** Opening EXERCISE MATERIALS block **
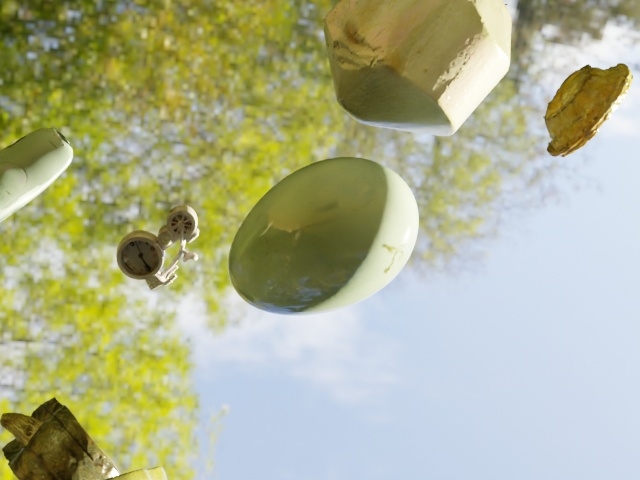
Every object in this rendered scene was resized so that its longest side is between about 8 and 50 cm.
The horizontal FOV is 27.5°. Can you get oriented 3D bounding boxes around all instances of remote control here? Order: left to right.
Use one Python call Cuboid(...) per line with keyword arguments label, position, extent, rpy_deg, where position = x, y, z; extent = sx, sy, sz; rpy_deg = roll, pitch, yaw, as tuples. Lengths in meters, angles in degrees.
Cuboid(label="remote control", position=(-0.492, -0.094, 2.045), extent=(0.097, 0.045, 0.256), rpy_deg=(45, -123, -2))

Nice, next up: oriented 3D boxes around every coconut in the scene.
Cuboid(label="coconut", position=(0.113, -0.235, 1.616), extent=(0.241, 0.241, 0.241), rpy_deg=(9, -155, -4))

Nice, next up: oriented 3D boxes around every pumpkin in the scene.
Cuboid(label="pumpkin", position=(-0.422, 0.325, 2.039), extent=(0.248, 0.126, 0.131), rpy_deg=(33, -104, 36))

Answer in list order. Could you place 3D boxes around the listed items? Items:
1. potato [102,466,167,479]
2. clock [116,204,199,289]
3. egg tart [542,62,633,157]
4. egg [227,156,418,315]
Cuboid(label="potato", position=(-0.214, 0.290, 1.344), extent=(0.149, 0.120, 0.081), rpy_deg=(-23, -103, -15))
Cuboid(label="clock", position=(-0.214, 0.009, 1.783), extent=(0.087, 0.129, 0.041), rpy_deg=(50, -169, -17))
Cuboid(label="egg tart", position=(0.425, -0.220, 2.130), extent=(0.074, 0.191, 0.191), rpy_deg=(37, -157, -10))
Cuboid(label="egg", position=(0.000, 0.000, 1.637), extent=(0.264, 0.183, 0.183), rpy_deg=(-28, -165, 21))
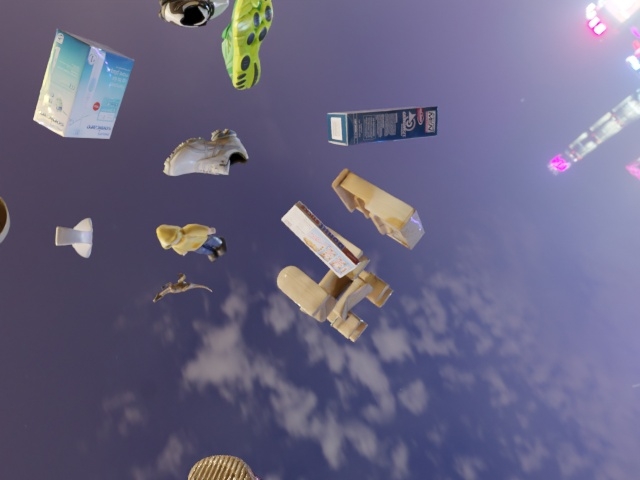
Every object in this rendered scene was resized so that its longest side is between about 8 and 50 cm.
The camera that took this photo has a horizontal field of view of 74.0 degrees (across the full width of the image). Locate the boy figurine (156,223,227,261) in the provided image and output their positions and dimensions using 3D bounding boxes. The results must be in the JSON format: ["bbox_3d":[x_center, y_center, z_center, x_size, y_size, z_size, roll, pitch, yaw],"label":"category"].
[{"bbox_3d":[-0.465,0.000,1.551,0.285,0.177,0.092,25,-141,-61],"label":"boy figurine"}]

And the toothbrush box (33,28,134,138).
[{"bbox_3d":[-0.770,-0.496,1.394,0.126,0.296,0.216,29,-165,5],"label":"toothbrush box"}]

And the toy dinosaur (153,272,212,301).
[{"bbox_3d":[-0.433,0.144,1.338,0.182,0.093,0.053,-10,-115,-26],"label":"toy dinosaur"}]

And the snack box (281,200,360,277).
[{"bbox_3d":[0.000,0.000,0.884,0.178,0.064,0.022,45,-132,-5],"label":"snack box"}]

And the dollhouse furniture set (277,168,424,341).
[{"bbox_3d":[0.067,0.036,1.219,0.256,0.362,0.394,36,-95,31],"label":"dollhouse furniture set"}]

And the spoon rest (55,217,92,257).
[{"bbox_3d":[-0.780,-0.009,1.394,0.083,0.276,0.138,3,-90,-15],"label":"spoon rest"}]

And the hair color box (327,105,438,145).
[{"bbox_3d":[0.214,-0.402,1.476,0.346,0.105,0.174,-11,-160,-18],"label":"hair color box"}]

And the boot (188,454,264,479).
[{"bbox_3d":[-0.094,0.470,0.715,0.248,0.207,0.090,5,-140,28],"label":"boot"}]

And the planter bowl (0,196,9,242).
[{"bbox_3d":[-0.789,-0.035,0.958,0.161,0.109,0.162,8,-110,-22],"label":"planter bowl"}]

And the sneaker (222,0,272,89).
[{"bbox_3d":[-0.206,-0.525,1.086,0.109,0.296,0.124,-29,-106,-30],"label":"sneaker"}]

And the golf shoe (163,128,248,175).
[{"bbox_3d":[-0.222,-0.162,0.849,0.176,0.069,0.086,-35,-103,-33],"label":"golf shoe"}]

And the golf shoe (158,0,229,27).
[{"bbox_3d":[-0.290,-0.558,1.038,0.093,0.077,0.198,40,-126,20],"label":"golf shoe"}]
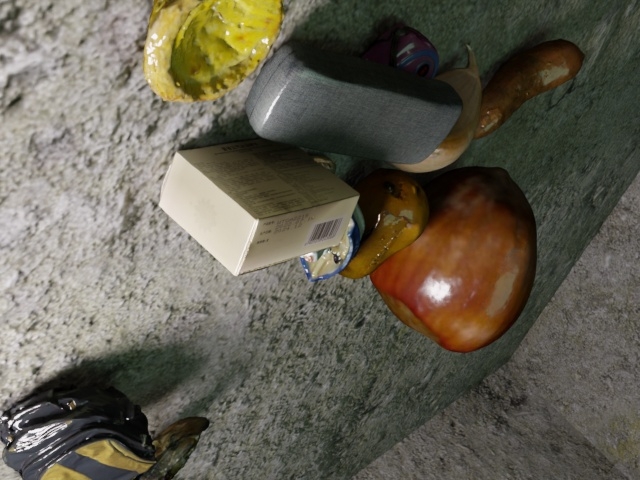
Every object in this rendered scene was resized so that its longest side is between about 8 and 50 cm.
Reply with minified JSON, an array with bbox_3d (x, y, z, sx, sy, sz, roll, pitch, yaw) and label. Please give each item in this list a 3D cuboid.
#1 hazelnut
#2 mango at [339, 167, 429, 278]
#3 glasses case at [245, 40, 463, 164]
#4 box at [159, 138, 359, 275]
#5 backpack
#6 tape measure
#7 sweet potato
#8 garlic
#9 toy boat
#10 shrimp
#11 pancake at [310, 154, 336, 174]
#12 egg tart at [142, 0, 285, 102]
** Closing EXERCISE MATERIALS block **
** Opening EXERCISE MATERIALS block **
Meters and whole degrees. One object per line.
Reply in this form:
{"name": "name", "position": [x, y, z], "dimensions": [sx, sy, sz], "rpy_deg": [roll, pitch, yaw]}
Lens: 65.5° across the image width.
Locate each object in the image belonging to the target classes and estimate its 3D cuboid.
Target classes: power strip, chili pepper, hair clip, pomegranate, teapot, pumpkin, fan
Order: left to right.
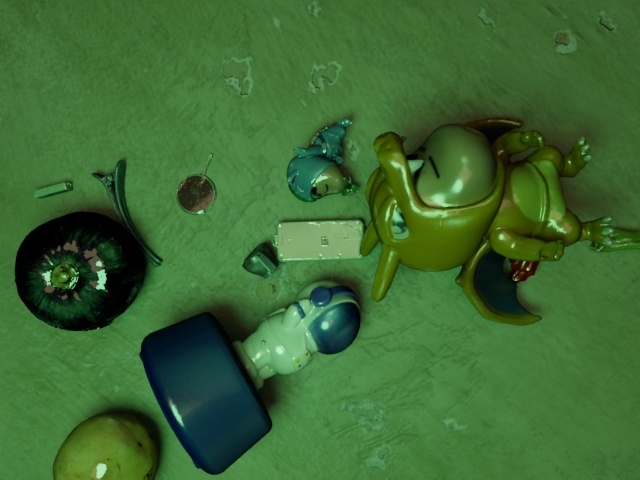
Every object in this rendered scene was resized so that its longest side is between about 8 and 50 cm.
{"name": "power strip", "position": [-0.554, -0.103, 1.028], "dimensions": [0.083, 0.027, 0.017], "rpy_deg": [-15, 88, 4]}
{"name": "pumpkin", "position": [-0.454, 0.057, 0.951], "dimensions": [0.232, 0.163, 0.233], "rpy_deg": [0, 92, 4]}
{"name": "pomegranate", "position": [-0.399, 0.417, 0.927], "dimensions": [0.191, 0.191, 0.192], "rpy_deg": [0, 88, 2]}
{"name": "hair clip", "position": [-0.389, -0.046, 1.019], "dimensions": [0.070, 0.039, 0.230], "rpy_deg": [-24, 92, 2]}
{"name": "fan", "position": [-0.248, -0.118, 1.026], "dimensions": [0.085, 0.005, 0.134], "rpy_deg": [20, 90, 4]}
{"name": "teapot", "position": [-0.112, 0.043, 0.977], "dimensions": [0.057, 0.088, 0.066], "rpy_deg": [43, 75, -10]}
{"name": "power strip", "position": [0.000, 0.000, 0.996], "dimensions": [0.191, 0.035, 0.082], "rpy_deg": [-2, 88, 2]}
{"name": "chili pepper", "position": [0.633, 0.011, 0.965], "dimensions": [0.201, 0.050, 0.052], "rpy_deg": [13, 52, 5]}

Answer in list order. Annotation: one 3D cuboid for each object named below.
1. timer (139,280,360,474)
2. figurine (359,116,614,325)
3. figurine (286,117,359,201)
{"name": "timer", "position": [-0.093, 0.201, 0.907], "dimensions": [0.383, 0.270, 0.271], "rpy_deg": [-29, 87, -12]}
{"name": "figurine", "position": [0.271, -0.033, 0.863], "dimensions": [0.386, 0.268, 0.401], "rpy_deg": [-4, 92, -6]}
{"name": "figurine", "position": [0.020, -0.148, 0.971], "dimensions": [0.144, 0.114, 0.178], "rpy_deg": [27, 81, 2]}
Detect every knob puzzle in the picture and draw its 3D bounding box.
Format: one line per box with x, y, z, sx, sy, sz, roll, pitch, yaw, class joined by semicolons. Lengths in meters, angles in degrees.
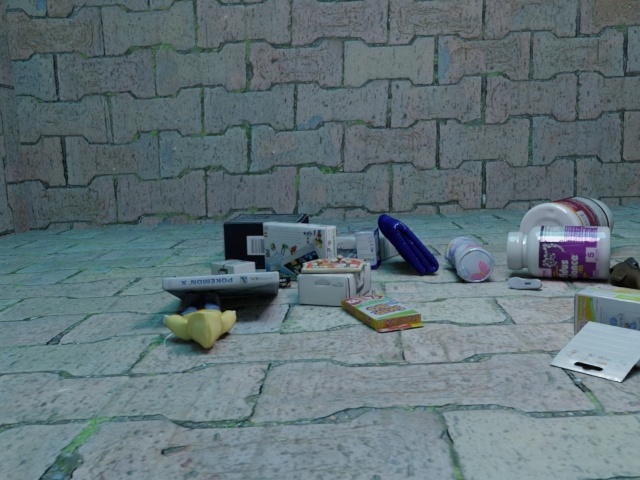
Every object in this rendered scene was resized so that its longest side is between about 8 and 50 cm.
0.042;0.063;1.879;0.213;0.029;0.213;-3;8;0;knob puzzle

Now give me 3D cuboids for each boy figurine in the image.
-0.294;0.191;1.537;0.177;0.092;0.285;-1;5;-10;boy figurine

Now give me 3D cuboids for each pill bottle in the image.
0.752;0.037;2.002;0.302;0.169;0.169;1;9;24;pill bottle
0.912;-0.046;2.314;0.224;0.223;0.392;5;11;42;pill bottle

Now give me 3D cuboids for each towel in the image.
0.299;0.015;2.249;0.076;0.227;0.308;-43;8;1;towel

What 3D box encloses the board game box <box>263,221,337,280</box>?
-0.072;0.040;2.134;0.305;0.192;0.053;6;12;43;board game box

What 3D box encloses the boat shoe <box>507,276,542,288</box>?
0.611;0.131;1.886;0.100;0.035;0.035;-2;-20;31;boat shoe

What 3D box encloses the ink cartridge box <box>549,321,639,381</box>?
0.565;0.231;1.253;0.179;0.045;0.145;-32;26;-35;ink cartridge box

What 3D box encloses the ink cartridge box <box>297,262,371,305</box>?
** Closing EXERCISE MATERIALS block **
EXERCISE DIRECTIONS — The answer must be every line of the records that contains the word "left".

OUTPUT OF THE TASK —
The horizontal FOV is 27.5°. Can you get oriented 3D bounding boxes around all instances of remote control here? Order: left to right.
Order: left to right.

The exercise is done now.